Spurred by the Bolshevik uprising and the previous era of autocratic rule, Russia's avant-garde artists believed creativity was a tool to improve people's lives. (Popular slogans like "Art into Life" and "Art into Technology" epitomized this way of thinking.) These artists disrupted all rules to create a new graphic order that took center stage in the posters.
To mark the centennial of Russia's October revolution, collector Susan Pack published a book of rare avant-garde Russian film posters, which she began gathering in the 1970s.
"Film Posters of the Russian Avant-Garde" assembles the best of Pack's hoard, a connoisseur's dream that includes 250 posters by 27 artists from the pre-Stalin Soviet Union -- before Stalin decreed Socialist Realism was the only authorized art form was

Revolutionary art

Many of the designers who jumped on the poster bandwagon came from more traditional artistic backgrounds. The Stenberg Brothers, for example, started as Constructivist sculptors and set designers, and the prolific artist Alexander Rodchenko worked in photography, architecture and industrial design.

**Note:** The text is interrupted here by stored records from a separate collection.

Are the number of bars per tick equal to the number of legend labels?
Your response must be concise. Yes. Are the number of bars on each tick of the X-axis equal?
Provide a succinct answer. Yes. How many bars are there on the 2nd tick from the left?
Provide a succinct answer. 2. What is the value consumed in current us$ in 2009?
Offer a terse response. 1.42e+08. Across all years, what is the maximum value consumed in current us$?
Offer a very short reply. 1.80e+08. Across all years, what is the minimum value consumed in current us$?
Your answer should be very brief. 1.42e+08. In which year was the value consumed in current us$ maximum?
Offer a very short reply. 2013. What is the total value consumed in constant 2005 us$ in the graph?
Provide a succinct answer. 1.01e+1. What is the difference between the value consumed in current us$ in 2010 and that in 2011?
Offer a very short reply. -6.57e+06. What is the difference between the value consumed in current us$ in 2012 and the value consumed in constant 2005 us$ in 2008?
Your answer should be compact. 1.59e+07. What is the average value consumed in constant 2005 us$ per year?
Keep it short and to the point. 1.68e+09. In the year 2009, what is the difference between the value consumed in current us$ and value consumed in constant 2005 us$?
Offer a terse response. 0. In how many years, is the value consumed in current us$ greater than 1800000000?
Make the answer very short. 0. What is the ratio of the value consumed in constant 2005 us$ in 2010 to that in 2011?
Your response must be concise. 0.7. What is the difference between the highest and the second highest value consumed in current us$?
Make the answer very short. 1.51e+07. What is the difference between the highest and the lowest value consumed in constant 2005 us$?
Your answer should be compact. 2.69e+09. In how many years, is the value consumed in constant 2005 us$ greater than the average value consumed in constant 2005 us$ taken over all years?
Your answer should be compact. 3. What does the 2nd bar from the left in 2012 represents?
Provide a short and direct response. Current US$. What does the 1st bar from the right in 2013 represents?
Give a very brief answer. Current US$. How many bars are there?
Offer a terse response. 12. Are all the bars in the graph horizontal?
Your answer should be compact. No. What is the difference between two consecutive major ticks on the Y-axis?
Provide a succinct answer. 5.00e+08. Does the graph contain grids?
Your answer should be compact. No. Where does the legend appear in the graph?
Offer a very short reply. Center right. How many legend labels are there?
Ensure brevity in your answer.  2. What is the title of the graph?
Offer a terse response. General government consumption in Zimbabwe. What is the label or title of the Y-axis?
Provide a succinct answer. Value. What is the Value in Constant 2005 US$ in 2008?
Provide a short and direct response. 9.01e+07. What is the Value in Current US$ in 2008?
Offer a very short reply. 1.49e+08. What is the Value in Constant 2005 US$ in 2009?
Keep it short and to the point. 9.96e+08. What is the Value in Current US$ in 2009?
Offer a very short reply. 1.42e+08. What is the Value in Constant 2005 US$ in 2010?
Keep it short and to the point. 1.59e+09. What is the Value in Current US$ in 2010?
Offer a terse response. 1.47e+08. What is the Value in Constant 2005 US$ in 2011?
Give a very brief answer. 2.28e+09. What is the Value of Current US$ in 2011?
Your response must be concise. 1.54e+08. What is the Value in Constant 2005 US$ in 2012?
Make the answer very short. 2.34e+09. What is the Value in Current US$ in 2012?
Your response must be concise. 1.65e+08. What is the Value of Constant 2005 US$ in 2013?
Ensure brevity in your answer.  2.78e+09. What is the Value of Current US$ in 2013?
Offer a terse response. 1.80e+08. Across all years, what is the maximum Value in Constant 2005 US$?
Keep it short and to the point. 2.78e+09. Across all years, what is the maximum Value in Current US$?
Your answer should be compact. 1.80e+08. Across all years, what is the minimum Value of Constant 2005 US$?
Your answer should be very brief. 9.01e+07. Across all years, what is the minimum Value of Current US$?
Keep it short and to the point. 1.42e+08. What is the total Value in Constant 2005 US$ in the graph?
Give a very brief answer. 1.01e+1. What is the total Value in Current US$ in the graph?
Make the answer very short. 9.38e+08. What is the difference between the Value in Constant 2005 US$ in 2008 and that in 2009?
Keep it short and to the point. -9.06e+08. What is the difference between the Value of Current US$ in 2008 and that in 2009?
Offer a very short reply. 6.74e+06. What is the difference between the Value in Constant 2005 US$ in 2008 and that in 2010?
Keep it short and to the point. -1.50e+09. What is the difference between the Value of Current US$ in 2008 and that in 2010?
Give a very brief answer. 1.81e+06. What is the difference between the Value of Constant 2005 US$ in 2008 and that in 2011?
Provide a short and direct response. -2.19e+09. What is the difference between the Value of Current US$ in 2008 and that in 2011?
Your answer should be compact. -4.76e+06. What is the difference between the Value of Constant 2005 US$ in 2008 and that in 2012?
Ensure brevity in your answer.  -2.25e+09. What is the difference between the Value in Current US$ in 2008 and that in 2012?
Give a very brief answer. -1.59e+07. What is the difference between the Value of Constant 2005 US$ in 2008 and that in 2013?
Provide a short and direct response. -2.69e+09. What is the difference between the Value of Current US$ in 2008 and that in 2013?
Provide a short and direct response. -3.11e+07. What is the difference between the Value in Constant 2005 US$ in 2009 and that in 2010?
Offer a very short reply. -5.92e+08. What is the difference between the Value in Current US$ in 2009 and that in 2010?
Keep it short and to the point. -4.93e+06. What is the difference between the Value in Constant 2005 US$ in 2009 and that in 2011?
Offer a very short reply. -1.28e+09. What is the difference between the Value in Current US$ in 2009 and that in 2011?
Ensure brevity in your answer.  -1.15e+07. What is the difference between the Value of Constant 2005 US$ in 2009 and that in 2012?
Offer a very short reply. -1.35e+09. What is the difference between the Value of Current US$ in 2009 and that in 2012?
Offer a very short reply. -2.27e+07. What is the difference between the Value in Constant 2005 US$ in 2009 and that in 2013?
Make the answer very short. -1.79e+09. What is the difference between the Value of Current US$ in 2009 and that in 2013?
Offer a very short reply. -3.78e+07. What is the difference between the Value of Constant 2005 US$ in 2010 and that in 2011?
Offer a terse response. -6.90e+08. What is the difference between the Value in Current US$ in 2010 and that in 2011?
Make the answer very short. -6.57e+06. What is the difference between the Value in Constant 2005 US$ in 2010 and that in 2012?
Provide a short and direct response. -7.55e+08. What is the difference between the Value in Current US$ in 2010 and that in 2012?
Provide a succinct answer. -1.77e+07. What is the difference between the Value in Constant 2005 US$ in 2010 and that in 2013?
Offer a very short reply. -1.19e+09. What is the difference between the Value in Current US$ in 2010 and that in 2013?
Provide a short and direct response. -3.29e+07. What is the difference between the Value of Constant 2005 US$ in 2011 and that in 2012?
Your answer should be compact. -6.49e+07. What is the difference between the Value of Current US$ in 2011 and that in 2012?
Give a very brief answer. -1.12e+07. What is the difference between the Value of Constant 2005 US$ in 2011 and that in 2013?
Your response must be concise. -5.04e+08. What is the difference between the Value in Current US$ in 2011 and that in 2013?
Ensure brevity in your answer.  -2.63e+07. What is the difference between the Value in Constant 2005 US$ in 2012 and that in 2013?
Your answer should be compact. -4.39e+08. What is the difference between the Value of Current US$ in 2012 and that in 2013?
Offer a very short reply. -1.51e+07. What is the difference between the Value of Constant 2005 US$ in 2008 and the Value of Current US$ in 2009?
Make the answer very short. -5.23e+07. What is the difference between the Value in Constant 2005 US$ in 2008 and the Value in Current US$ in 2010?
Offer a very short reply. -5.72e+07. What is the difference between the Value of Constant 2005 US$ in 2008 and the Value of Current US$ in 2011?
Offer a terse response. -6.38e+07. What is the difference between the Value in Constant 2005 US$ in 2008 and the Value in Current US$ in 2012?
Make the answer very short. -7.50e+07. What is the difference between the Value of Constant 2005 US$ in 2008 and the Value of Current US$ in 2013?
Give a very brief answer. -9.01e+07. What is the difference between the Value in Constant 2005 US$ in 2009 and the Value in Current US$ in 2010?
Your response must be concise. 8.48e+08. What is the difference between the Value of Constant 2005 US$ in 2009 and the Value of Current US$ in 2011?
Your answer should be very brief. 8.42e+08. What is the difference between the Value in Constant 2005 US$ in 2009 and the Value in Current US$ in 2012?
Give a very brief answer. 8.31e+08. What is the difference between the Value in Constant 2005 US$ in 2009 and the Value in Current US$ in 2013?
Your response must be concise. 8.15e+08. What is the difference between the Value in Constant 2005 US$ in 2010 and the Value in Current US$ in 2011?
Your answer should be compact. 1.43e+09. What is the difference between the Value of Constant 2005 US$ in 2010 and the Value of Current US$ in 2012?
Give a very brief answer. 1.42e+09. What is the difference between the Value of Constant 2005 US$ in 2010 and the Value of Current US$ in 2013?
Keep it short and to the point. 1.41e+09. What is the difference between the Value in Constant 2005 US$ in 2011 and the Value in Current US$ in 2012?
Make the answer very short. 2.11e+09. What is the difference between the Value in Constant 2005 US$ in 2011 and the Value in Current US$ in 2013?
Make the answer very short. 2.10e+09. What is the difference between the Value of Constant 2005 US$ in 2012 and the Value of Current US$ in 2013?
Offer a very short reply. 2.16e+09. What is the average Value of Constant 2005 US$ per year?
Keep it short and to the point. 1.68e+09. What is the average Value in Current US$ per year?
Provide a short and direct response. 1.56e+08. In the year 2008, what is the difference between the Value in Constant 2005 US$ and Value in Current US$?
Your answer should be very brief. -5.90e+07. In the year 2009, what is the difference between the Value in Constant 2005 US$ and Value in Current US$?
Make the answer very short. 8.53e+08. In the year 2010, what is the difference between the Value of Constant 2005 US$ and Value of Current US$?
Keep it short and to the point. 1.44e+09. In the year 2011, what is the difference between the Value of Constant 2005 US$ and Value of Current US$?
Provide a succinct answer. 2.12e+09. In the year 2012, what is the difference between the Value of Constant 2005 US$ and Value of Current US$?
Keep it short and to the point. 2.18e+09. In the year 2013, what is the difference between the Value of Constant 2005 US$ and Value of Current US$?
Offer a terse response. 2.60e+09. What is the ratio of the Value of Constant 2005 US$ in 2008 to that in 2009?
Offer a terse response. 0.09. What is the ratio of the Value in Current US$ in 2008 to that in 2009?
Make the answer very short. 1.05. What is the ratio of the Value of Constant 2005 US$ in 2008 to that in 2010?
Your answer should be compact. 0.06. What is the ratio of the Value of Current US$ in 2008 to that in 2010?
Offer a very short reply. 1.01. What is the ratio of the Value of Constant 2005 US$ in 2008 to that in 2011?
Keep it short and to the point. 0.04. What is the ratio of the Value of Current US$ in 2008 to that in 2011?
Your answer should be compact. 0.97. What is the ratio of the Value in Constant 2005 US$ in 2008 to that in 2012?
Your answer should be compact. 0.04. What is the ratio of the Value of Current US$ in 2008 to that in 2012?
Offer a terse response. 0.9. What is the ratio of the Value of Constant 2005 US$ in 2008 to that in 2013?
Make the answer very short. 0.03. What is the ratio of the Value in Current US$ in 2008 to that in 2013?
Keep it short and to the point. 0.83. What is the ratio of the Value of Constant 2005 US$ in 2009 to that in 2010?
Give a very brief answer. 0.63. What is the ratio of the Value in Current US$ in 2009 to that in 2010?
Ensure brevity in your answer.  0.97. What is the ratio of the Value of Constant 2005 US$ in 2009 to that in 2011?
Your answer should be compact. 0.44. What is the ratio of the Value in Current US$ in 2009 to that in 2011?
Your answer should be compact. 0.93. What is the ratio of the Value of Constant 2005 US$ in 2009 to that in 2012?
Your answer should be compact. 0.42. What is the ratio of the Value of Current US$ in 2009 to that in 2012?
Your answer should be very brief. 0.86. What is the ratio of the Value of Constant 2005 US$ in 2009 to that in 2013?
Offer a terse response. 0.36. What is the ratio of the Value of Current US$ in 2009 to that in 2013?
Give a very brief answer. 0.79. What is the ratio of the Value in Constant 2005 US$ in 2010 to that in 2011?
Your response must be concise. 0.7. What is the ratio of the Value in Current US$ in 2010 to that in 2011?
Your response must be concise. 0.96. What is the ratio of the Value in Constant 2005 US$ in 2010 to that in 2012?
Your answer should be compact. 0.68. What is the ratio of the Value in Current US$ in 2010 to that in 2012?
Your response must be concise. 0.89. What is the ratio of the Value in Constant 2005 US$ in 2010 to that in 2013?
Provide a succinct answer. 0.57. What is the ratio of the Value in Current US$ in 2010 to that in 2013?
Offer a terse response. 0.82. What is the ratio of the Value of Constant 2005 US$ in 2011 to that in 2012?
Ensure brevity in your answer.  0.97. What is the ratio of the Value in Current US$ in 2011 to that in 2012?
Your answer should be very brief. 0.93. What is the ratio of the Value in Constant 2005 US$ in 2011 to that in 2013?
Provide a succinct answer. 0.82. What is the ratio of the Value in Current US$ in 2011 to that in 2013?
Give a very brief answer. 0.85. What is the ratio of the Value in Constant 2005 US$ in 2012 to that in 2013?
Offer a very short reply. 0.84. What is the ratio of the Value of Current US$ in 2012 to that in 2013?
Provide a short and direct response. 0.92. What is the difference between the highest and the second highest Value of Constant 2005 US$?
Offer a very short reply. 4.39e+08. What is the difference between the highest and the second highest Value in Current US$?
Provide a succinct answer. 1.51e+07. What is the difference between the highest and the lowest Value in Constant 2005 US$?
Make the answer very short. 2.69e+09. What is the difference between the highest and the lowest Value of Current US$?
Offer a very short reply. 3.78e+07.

"They montaged disparate elements, such as adding photography to lithography, and juxtaposed the action from one scene with a character from another," Pack writes. "They colored human faces with vivid colors, elongated and distorted body shapes, gave animal bodies to humans and turned film credits into an integral part of the design."
As filmmaking established itself as an art form, so to did these posters and their designers, who often hadn't even seen the films they were advertising and worked from press kits sent from Hollywood.
Their rare works, which were only meant to be seen for a few weeks, are now grouped in a book that will keep them away from oblivion.
"Film Posters of the Russian Avant-Garde" by Susan Pack is published by Taschen and is available now.